Gdf11 downregulates Pax6 expression. A–D, Pax6 (A, B) and Pax7 (C, D) expression in cross-sectioned brachial level spinal cord from e11.5 WT and Gdf11^−/− embryos. Fewer Pax6⁺ cells with lower levels of Pax6 expression were observed in WT embryos (A) when compared to Gdf11^−/− littermates (B). Pax7 expression is similar between WT (C) and Gdf11^−/− embryos (D). E, Western analyses of brachial level spinal cord from e11.5 embryos revealed an ~2-fold difference in the Pax6 expression level in Sox2⁺ progenitors between Gdf11^−/− and WT embryos. F–G′, Pax6 (F, F′) and Pax7 (G, G′) expression in cross-sectioned spinal cord from HH stage 17 chick embryos electroporated with a Gdf11 expression construct at HH stage 10 –11. White dotted lines delineate the margin of the spinal cord. The Pax6 level in the electroporated side (marked by GFP expression) is reduced significantly. H, I, Lower levels of Pax6 expression in e9.5 WT neurospheres cultured with 10 ng/ml Gdf11. J, K, Olig2 and GFP (J) and Sox2 and NeuN (K) expression in cross-sectioned brachial level spinal cord from e7 chick embryos harvested 5 d after Gdf11 electroporation at HH stage 13–14. The white dotted lines delineate the margin of the spinal cord in J. Scale bar, 100 μm in all images. L, Quantification of Olig2⁺ cells in the electroporated side compared to the control side of eight individual embryos (plots represent mean ±95% confidence to exhibit the degree of variability).

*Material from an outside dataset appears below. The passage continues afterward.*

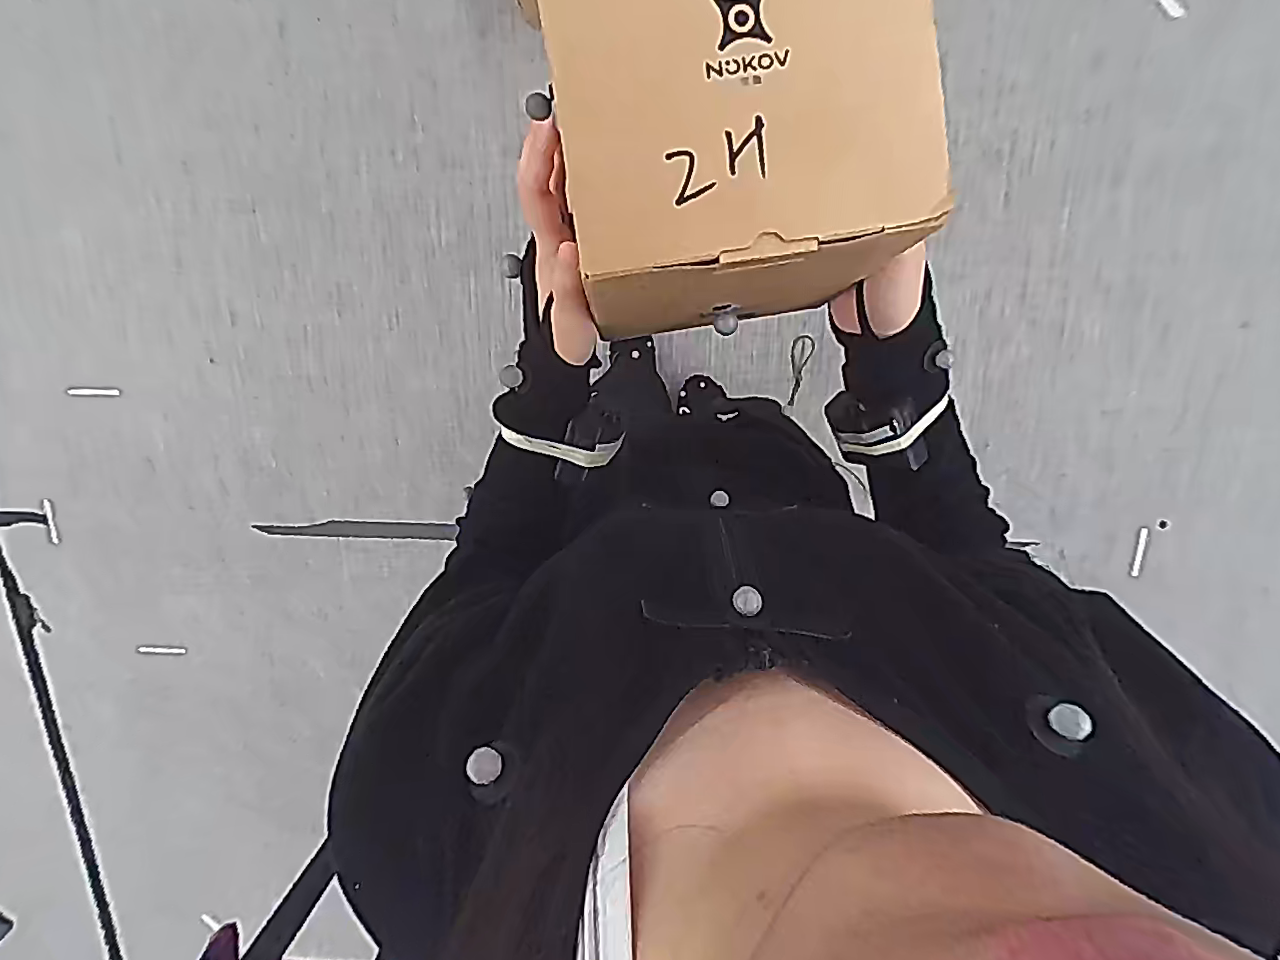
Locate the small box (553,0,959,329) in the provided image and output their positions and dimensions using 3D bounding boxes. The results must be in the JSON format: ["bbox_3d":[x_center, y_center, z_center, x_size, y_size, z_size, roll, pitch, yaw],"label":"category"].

Values above one indicate more Olig2⁺ cells are present in the electroporated side. M, A model for Gdf11 function in controlling the temporal progression of neurogenesis. Gdf11 is expressed transiently in the newly born neurons located lateral to the progenitor domains in the spinal cord. It acts as a feedback signal on neighboring progenitors to promote the transition from early progenitors (P_E) that produce early born neurons (N_E) to late progenitors (P_L) that produce late-born neurons (N_L), and to oligodendrocyte progenitors (P_O) that produce oligodendrocyte precursors (OLP) by enhancing cell cycle exit and inhibiting progenitor proliferation. This results in facilitating the progression of neurogenesis in the developing spinal cord.